Question: What wood species gives off the most heat?

You will get the best results and more heat per wood volume when burning the highest density (heaviest) wood you can find. Dense firewood will produce the highest recoverable BTUs but all wood must be "seasoned". Seasoning lowers the moisture content and less energy is used to drive off water which limits heat efficiency.

Answer: Trees considered to be deciduous (lose their leaves in winter) and more specifically hard hardwoods tend to be a more dense wood and will burn hotter and longer than trees considered to be evergreen or softwood (there are some exceptions). Firewood also tends to burn hotter when seasoned to reduce moisture.

Wood heat value is measured in BTUs or British Thermal Units. The higher the value, the more heat you get per unit of wood.

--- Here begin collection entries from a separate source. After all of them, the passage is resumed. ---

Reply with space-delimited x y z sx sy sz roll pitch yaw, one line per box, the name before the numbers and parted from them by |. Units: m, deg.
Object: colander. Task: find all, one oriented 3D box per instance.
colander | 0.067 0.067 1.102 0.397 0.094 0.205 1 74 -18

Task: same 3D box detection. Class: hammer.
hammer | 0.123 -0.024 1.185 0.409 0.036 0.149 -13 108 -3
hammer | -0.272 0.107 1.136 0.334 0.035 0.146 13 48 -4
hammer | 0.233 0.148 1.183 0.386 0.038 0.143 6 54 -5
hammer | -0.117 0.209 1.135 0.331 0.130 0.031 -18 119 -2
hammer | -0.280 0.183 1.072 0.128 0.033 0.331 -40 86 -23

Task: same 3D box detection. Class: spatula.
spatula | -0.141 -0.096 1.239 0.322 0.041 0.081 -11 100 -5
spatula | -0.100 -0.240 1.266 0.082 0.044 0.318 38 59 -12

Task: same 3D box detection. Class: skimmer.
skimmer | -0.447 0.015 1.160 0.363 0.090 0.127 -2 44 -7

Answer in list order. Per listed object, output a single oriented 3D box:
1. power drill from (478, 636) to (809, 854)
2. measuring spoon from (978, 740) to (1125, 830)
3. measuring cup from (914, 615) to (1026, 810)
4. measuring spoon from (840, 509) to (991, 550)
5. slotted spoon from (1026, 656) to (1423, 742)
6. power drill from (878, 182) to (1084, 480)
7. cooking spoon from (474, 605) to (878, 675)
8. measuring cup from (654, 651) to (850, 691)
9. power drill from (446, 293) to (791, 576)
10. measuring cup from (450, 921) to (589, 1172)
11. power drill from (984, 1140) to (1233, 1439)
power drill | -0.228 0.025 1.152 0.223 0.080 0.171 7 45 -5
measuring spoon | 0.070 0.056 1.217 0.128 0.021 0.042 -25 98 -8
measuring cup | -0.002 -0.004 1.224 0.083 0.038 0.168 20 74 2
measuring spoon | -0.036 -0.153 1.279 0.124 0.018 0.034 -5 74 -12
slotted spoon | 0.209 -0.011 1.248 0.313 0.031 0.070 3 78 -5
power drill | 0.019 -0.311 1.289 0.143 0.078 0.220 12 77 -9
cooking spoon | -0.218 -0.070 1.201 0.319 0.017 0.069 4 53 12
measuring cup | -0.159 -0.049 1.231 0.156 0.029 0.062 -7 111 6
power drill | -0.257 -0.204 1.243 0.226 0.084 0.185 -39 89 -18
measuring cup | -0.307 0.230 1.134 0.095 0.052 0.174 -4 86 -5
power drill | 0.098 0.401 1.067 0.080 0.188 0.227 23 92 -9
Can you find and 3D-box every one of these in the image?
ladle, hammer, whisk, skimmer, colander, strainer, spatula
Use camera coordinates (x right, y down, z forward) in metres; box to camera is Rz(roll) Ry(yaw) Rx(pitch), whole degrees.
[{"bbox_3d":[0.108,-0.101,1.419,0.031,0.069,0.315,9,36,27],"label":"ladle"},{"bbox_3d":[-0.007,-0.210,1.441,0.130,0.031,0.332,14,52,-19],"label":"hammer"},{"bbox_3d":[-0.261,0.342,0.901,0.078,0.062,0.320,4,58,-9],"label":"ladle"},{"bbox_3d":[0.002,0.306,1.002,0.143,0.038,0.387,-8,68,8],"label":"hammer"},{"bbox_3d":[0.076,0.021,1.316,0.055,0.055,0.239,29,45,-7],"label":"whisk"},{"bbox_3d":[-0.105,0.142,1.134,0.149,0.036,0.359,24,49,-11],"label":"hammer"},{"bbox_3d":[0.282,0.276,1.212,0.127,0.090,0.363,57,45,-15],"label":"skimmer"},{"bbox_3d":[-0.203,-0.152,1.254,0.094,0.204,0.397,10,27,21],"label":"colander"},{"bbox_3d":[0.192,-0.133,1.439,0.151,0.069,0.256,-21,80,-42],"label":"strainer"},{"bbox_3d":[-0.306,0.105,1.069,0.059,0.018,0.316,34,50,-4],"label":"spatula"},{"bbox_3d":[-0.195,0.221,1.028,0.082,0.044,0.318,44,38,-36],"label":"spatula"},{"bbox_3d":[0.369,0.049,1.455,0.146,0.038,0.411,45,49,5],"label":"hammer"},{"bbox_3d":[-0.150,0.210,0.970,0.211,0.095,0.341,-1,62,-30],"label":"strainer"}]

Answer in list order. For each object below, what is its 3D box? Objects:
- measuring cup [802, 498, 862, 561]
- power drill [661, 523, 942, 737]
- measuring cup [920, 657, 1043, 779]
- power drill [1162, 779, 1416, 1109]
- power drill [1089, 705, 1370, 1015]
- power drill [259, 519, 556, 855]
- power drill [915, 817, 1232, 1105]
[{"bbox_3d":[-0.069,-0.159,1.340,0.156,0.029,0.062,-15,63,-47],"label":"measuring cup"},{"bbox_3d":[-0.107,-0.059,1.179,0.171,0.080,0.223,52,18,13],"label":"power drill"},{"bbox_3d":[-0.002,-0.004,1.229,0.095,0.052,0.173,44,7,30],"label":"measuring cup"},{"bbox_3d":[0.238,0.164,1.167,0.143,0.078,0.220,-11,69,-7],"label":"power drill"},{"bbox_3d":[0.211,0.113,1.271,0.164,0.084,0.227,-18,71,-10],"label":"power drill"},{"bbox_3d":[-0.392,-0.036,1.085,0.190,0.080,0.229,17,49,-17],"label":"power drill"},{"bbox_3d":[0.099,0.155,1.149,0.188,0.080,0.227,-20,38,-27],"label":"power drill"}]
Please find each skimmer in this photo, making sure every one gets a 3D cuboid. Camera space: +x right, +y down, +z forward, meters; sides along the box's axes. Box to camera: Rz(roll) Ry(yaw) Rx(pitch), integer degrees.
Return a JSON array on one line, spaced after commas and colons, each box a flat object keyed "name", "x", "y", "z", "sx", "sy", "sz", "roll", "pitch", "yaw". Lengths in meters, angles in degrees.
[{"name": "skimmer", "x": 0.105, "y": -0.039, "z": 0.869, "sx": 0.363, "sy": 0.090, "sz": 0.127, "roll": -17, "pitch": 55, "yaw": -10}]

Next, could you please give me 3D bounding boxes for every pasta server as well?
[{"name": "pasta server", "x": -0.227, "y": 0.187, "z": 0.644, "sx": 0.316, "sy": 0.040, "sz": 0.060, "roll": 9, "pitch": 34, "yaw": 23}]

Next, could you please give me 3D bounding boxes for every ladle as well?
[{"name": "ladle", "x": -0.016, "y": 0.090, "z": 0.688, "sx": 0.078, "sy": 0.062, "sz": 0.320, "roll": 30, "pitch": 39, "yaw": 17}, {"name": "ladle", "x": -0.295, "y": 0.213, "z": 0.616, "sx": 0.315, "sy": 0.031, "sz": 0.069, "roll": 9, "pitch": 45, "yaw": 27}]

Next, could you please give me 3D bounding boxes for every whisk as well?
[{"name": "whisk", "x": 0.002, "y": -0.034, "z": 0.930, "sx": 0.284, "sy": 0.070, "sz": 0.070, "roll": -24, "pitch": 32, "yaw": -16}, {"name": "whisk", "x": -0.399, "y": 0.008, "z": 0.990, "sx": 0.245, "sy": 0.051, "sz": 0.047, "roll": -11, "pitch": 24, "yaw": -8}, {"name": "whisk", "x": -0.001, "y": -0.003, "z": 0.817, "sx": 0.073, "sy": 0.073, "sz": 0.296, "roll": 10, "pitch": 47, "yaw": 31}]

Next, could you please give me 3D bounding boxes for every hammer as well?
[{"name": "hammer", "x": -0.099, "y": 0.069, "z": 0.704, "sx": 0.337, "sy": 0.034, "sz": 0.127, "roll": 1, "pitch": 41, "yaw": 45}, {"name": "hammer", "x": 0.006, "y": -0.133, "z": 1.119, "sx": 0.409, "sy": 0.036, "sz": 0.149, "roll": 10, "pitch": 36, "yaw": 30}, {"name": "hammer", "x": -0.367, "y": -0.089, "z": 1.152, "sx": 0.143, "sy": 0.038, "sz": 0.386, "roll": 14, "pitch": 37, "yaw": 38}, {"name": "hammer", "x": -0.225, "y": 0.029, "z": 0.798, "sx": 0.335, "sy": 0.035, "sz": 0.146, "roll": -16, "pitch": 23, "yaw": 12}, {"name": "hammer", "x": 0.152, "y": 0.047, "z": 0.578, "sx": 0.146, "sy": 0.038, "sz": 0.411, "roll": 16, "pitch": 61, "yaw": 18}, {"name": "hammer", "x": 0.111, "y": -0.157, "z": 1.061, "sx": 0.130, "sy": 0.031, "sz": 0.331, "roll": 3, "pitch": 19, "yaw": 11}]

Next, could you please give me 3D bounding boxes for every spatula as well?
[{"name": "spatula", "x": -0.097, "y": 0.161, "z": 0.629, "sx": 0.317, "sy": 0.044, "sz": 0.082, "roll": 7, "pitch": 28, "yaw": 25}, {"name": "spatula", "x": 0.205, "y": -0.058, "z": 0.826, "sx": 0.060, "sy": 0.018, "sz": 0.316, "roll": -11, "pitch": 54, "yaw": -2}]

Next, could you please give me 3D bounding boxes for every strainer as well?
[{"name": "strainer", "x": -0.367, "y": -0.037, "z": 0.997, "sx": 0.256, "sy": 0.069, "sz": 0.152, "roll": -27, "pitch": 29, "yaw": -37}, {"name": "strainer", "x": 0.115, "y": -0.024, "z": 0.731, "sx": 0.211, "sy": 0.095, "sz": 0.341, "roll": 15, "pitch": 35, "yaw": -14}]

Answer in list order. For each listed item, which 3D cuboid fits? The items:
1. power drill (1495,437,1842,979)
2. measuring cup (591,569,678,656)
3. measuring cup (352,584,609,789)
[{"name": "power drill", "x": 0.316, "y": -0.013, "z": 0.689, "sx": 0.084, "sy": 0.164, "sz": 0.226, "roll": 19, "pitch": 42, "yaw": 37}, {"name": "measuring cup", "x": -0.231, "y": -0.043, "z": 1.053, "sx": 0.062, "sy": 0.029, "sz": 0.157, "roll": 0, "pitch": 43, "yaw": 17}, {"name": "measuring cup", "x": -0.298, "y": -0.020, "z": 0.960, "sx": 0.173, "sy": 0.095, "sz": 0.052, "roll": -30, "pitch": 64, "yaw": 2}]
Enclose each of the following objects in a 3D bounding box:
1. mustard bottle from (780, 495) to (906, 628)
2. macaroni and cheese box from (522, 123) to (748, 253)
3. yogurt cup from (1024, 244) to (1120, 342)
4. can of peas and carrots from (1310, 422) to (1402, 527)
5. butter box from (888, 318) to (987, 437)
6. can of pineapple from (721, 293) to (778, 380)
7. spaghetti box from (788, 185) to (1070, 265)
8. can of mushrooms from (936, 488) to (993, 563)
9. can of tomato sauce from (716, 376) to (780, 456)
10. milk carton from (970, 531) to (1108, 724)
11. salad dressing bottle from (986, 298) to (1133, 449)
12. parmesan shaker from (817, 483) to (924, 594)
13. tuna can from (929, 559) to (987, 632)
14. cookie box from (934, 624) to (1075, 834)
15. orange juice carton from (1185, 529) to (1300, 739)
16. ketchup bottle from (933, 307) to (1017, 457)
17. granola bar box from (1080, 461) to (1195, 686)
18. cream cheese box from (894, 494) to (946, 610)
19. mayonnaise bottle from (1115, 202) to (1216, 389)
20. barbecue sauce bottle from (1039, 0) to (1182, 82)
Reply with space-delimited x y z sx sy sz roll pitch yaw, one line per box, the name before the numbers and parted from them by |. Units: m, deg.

Here is a list of tree species ranked by their heating abilities:

Five Best Burning Species

  • Hickory - 25 to 28 million BTUs/cord - density 37 to 58 lbs./cu.ft.
  • Oak - 24 to 28 million BTUs/cord - density 37 to 58 lbs./cu.ft.
  • Black Locust - 27 million BTUs/cord - density 43 lbs./cu.ft.
  • Beech - 24 to 27 million BTUs/cord - density 32 to 56 lbs./cu.ft.
  • White Ash - 24 million BTUs/cord - density 43 lbs./cu.ft.

 

Five Poor Performing Species

  • White Pine - 15 million BTUs/cord - density 22 to 31 lbs./cu.ft.
  • Cottonwood/Willow - 16 million BTUs/cord - density 24 to 37 lbs./cu.ft.
  • Basswood - 14 million BTUs/cord - density 20 to 37 lbs./cu.ft.
  • Aspen - 15 million BTUs/cord - density 26 lbs./cu.ft.
  • Yellow Poplar - 18 mm million BTUs/cord - density 22 to 31 lbs./cu.ft.